Jede dieser von José Miguel G. Cortés, dem Direktor des IVAM, kuratierten Sektionen folgt formal demselben konzeptionellen Muster: Gemälde, Skulpturen, Fotografien und Videos – zum Großteil aus der hauseigenen Sammlung, die vom Anfang des 20. Jahrhunderts bis zur Gegenwart reichen und Namen wie Walker Evans, Sigmar Polke, Thomas Ruff, Horacio Coppola oder Gordon Matta-Clark umfassen – werden begleitet je von einem Film sowie zahlreichen Publikationen.
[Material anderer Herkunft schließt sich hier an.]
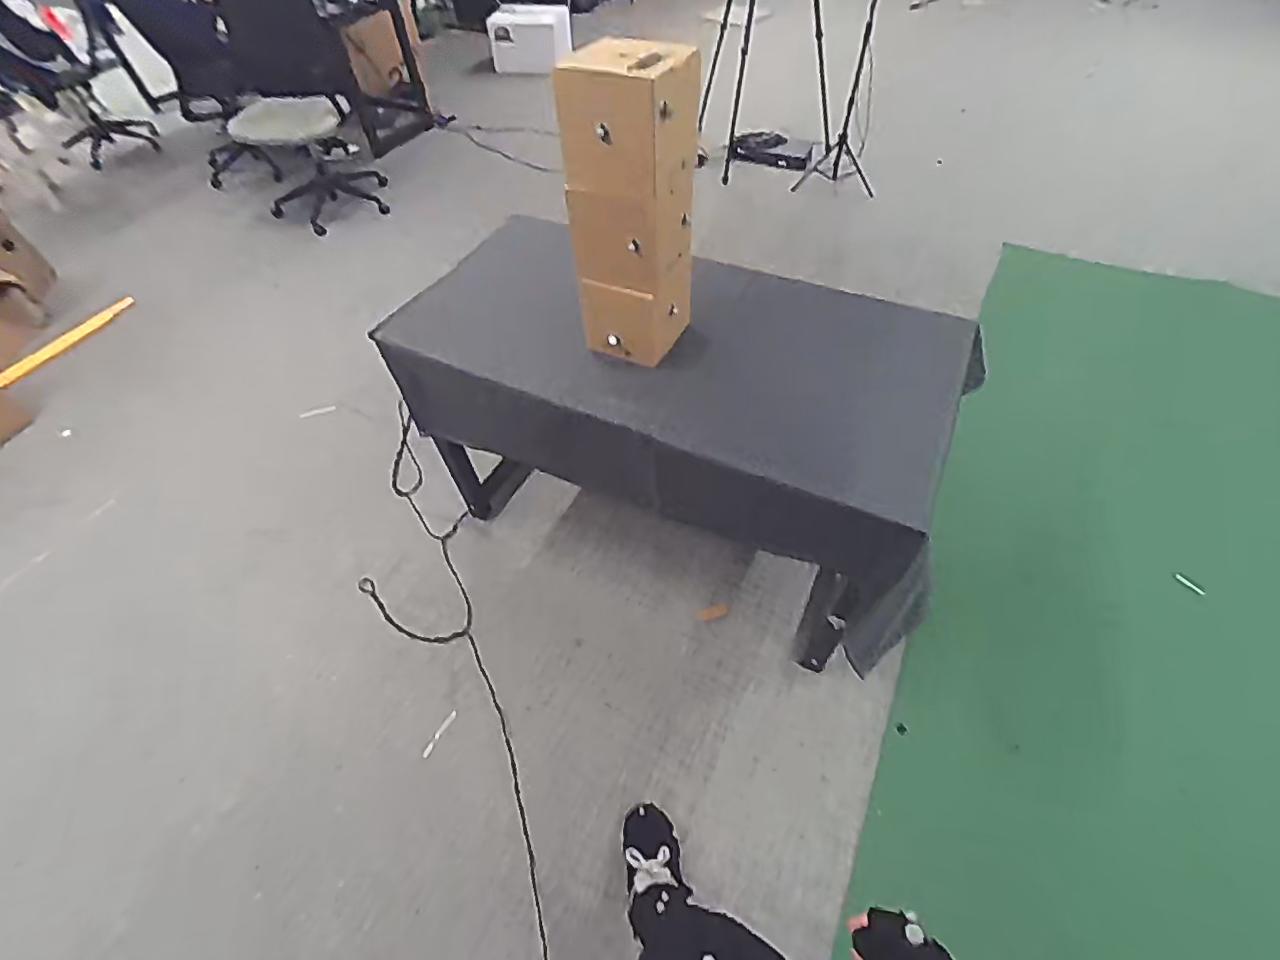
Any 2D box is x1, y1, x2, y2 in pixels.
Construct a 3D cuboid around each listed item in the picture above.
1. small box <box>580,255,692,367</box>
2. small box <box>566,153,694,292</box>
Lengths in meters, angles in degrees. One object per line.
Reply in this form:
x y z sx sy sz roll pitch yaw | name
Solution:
-0.005 -0.368 1.125 0.168 0.176 0.179 22 56 19 | small box
-0.012 -0.473 1.001 0.179 0.176 0.168 20 54 17 | small box

Im letzten Raum „Architecture of Fear“ sind es rund zwanzig Taschenbücher – Relikte der Gutenberg-Galaxis – die von der Decke baumeln. Sie alle ankern tief im kollektiven kulturellen Gedächtnis des westlichen Bildungsbürgers und trugen dazu bei, literarisch das Gesicht europäischer und nordamerikanischer Großstädte zu prägen. „Ulysses“ von James Joyce ist da zu entdecken, „Berlin Alexanderplatz“ von Alfred Döblin, aber auch „London NW“ von Zadie Smith.
Mega-Cities des Südens
An den Wänden hingegen wird diese wehmütige Reise durch Ort und Zeit gebrochen. Hier sind es Bilder der Slumbezirke neuer überbordender Mega-Cities der südlichen Hemisphäre, so „Av. Caracas Bogota #7“ von Alexander Apóstol (2006). Bilder, die verstören. Denn sie zeigen nicht Urbanität, sondern die Tristesse der durch Überbevölkerung entstandenen Ansiedelungen. Ein Abschied auf das Ideal der Stadt europäischer Provenienz? Nicht geplant, nicht gewachsen, nur anwachsend.
Und auch die globale Wirtschaftskrise wird hier gegenwärtig, die sich in Valencia mit seinen Prachtbauten aus dem Modernisme sowie seinen futuristischen Gebäuden – allen voran der Cuidad de las Artes y de las Ciencias oder David Chipperfields America’s Cup Building – nur allzu leicht ausblenden lässt. Das „Edificio iluminado, calles Arcos de Bélen no ° August, 2003“, das beleuchtete Gebäude auf der Fotografie Santiago Sierras, zeigt keineswegs ein ins Licht gerücktes Vorzeigeobjekt, sondern stattdessen eine der zahlreichen Bauruinen, wie sie sich nicht nur in Mexiko derzeit zuhauf finden lassen.
Das letzte Wort, ein Antipode zu Whitman gleichermaßen, soll die Schriftstellerin Christa Wolf haben, die 1992 während eines Stipendiums bei der Getty Foundation in Los Angeles eine schwere persönliche Krise erlitt: „Die Stadt hat sich von einem Ort in einen Nichtort gewandelt, ohne Geschichte, ohne Vision, ohne Magie, verdorben von Habgier, Macht und Gewalt.“ Vom Optimismus des Aufbruchs der Moderne lässt dieser Ausklang nicht viel übrig.